Opera Profile: A Look at Leoncavallo’s ‘Pagliacci’

By David Salazar

Leoncavallo’s “Pagliacci” has endured as a staple of the operatic canon since its premiere back on May 21, 1892.

Leoncavallo was reportedly inspired to take on the work after seeing the success of Mascagni’s masterwork “Cavalleria Rusticana” and set out to write his own Verismo opera in one-act form. The result was a success that has often been associated with the Mascagni work, the two often presented together. That pairing first came about on Dec. 22, 1893 and has endured since. It is quite common to see the two operas split apart with “Pagliacci” often showcased alongside other short operas, such as the New York City Opera’s recent pairing with “Aleko.”

Quick Plot Summary

The opera opens with Tonio’s famous monologue delivered directly to the audience. He establishes the drama that will unfold before lifting the curtain and becoming a character in the play. We quickly learn that Canio leads a troupe alongside his unhappy wife Nedda and a few other players. Nedda is in love with Silvio while Tonio wants Nedda for himself. After making his advances, Tonio finds himself rejected by Nedda and promises vengeance. She has a meeting with Silvio and the two promise to run off together. At the height of their love scene, Canio discovers them and promises vengeance. Silvio manages to run off so Canio tries to get the truth from his wife, who refuses to answer.

During the ensuing show, Canio continues pursuing the truth, the battle between Nedda and Canio grows in intensity, leading the murder of Nedda by her husband. Silvio shows himself and winds up dead as well.

For the full libretto, click here.

Famous Musical Excerpts

The most famous piece in the entire opera is Canio’s “Vesti La Giubba,” an aria sung by every great tenor in recitals and concerts. During the aria, Canio remarks how, despite his personal pains, he still has to put on a smile and play the part that the public expects from him.
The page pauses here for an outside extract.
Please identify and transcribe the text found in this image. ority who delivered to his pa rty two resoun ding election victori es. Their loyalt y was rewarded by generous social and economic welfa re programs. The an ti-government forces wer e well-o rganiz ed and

Nedda’s aria “Qual fiamma avea nel guardo” speaks to the character’s desire to have the freedom to fly away from the captivity she feels with Canio.
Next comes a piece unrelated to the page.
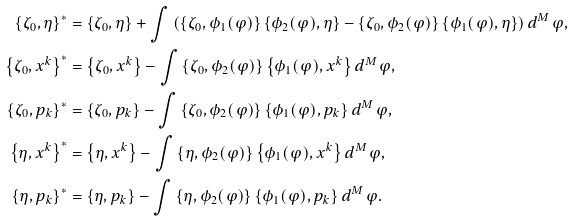<formula> <loc_0><loc_0><loc_500><loc_500>\left \{ { \zeta _ { 0 } , \eta } \right \} ^ { * } & = \left \{ { \zeta _ { 0 } , \eta } \right \} + \int { \left ( { \left \{ { \zeta _ { 0 } , \phi _ { 1 } ( \varphi ) } \right \} \left \{ { \phi _ { 2 } ( \varphi ) , \eta } \right \} - \left \{ { \zeta _ { 0 } , \phi _ { 2 } ( \varphi ) } \right \} \left \{ { \phi _ { 1 } ( \varphi ) , \eta } \right \} } \right ) d ^ { M } \varphi } , \\ \left \{ { \zeta _ { 0 } , x ^ { k } } \right \} ^ { * } & = \left \{ { \zeta _ { 0 } , x ^ { k } } \right \} - \int { \left \{ { \zeta _ { 0 } , \phi _ { 2 } ( \varphi ) } \right \} \left \{ { \phi _ { 1 } ( \varphi ) , x ^ { k } } \right \} d ^ { M } \varphi } , \\ \left \{ { \zeta _ { 0 } , p _ { k } } \right \} ^ { * } & = \left \{ { \zeta _ { 0 } , p _ { k } } \right \} - \int { \left \{ { \zeta _ { 0 } , \phi _ { 2 } ( \varphi ) } \right \} \left \{ { \phi _ { 1 } ( \varphi ) , p _ { k } } \right \} d ^ { M } \varphi } , \\ \left \{ { \eta , x ^ { k } } \right \} ^ { * } & = \left \{ { \eta , x ^ { k } } \right \} - \int { \left \{ { \eta , \phi _ { 2 } ( \varphi ) } \right \} \left \{ { \phi _ { 1 } ( \varphi ) , x ^ { k } } \right \} d ^ { M } \varphi } , \\ \left \{ { \eta , p _ { k } } \right \} ^ { * } & = \left \{ { \eta , p _ { k } } \right \} - \int { \left \{ { \eta , \phi _ { 2 } ( \varphi ) } \right \} \left \{ { \phi _ { 1 } ( \varphi ) , p _ { k } } \right \} d ^ { M } \varphi } .</formula>

The ensuing love duet with Silvio pits the two lovers at odds to kick things off. Nedda is frightened at the thought of running away with Silvio but eventually gives in, their love reaching its apex before being interrupted by Canio.
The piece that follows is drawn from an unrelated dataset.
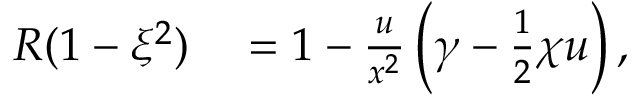<formula> <loc_0><loc_0><loc_500><loc_500>\begin{array} { r l } { R ( 1 - \xi ^ { 2 } ) } & = 1 - \frac { u } { x ^ { 2 } } \left ( \gamma - \frac { 1 } { 2 } \chi u \right ) , } \end{array}</formula>

Canio’s final aria “No! Pagliaccio non son!” sees the main character cast off his costume to express the true pain and shame that is dominating him. The aria jumps from an exasperated passage to one of tragic dimension as he mourns the betrayal he has incurred.

Also worthy of note is that final line “La Commedia è finita!” In the original libretto, it was given to Tonio, who also delivers the opera’s opening monologue to the real audience. But in many traditional productions, Canio is given the line, an opportunity for the lead tenor to get the final dramatic word. But that trend is reverting back to the original intention in more recent productions.

Famous Interpreters

The opera, despite having prominent roles for the lead baritone and soprano, is mainly a showcase for the tenor. And as a result, every major dramatic or spinto tenor in history has taken on the role and recorded it. You name it, they’ve probably done it. Enrico Caruso, Franco Corelli, Plácido Domingo, Luciano Pavarotti, Mario del Monaco, Beniamino Gigli, Ramón Vinay, Richard Tucker, Carlo Bergonzi, Jussi Björling, John Vickers, James McCracken, Giuseppe Di Stefano, José Cura… The list goes on and on.

Watch or Listen

As was the case with “Cavalleria Rusticana,” Franco Zeffirelli offered up his own filmed version of the famous verismo opera with Plácido Domingo, Juan Pons and Teresa Stratas leading the cast. This production features some exquisite lighting in the second act performance, the blue hue providing start contrast to the warmer tint of the first part. Zeffirelli takes liberties with breaking the fourth wall throughout the performance, playing with audience perspective.